The three female victims were abducted between 2002 and 2004 when they were 14, 16, and 20 years old and had not been heard from in a decade. On May 6, 2013, they escaped Castro’s house at 2207 Seymour Avenue, on Cleveland’s lower west side, when one of the women kicked out part of a door and called the neighbors for help. Castro was arrested shortly thereafter.

In court on Friday, Judge Michael Russo asked Castro, "You understand by accepting this plea, you’re accepting life without parole. You’ll never leave prison alive." "Yes, I do," replied Castro. Castro said he read and signed the plea deal and understood it although "my addiction to pornography and my sexual problem has taken a toll on my mind."

The victims, through their spokesperson, stated that they did not want to testify at trial and wanted to put everything behind them.
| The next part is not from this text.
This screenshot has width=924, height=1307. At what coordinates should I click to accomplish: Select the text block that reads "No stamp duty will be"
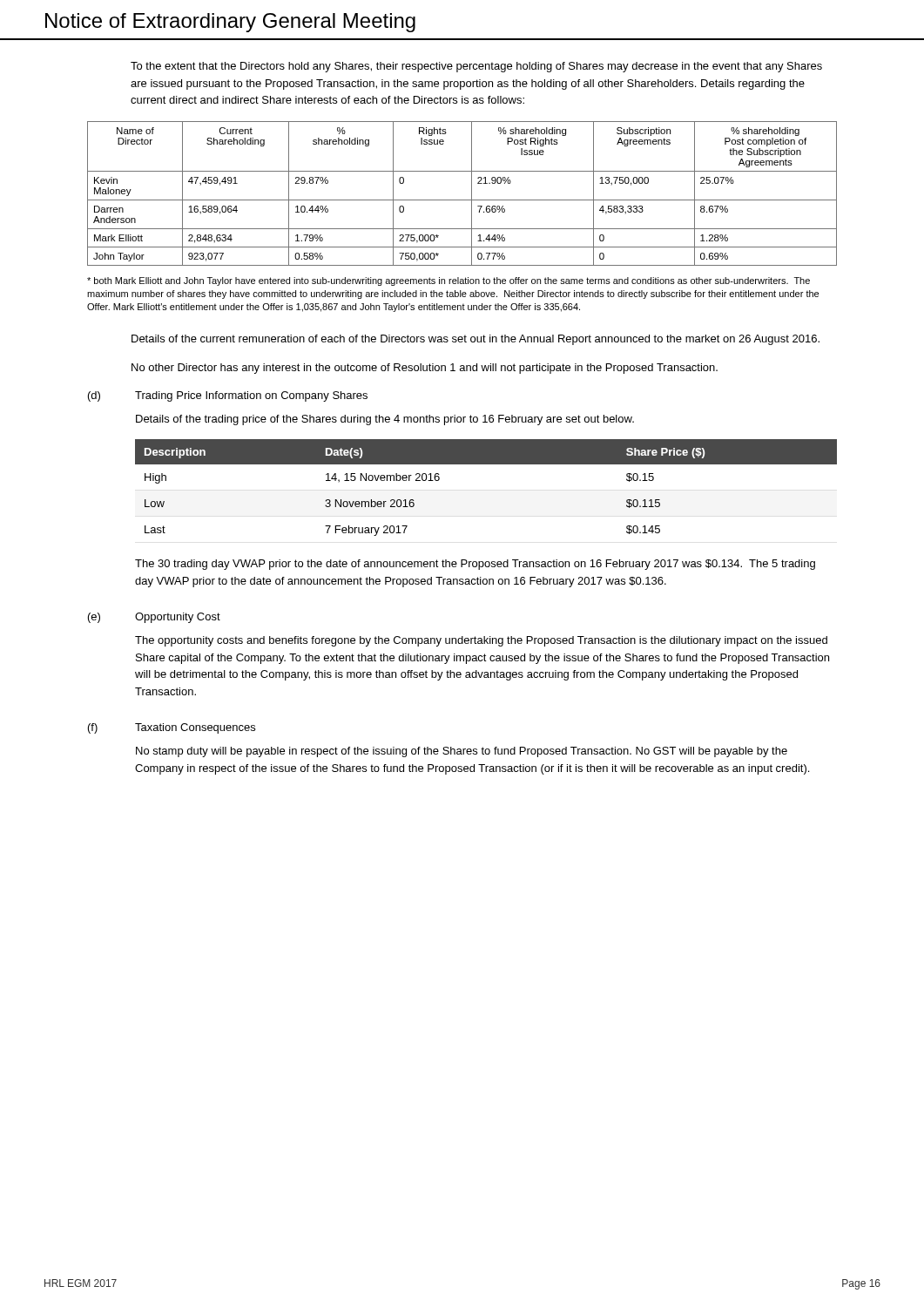(473, 759)
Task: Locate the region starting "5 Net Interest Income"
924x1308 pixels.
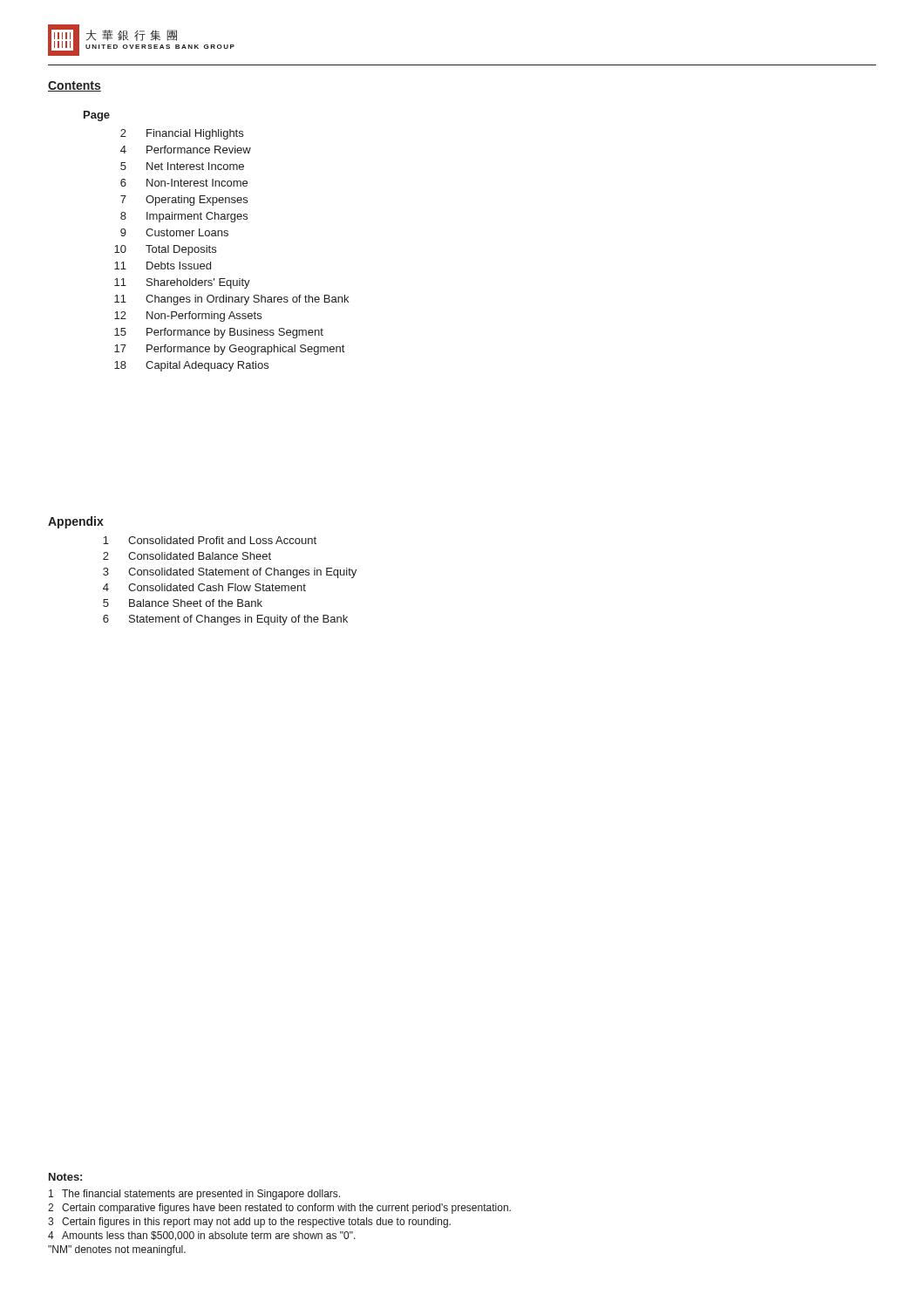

Cuyahoga County Prosecutor Timothy McGinty stated that once Castro goes to prison "he’s only coming out in a box or an ash can."

What Does Life Without Parole Mean?

Life without parole means that Castro will not be able to leave prison – ever. It means taxpayers will pay to house, feed, clothe, and take care of Castro for the rest of his life. According to the Ohio Department and Rehabilitation, it costs over $25,000/year to imprison an inmate in Ohio. Should Castro live another 25 years, Ohio taxpayers will shell out $625,000 just to house, feed, clothe, and take care of him in jail. And this does not account for defending and prosecuting him, and defendants like him, which costs taxpayers thousands to hundreds of thousands of dollars more depending on the type of crimes, appeals process, and other factors.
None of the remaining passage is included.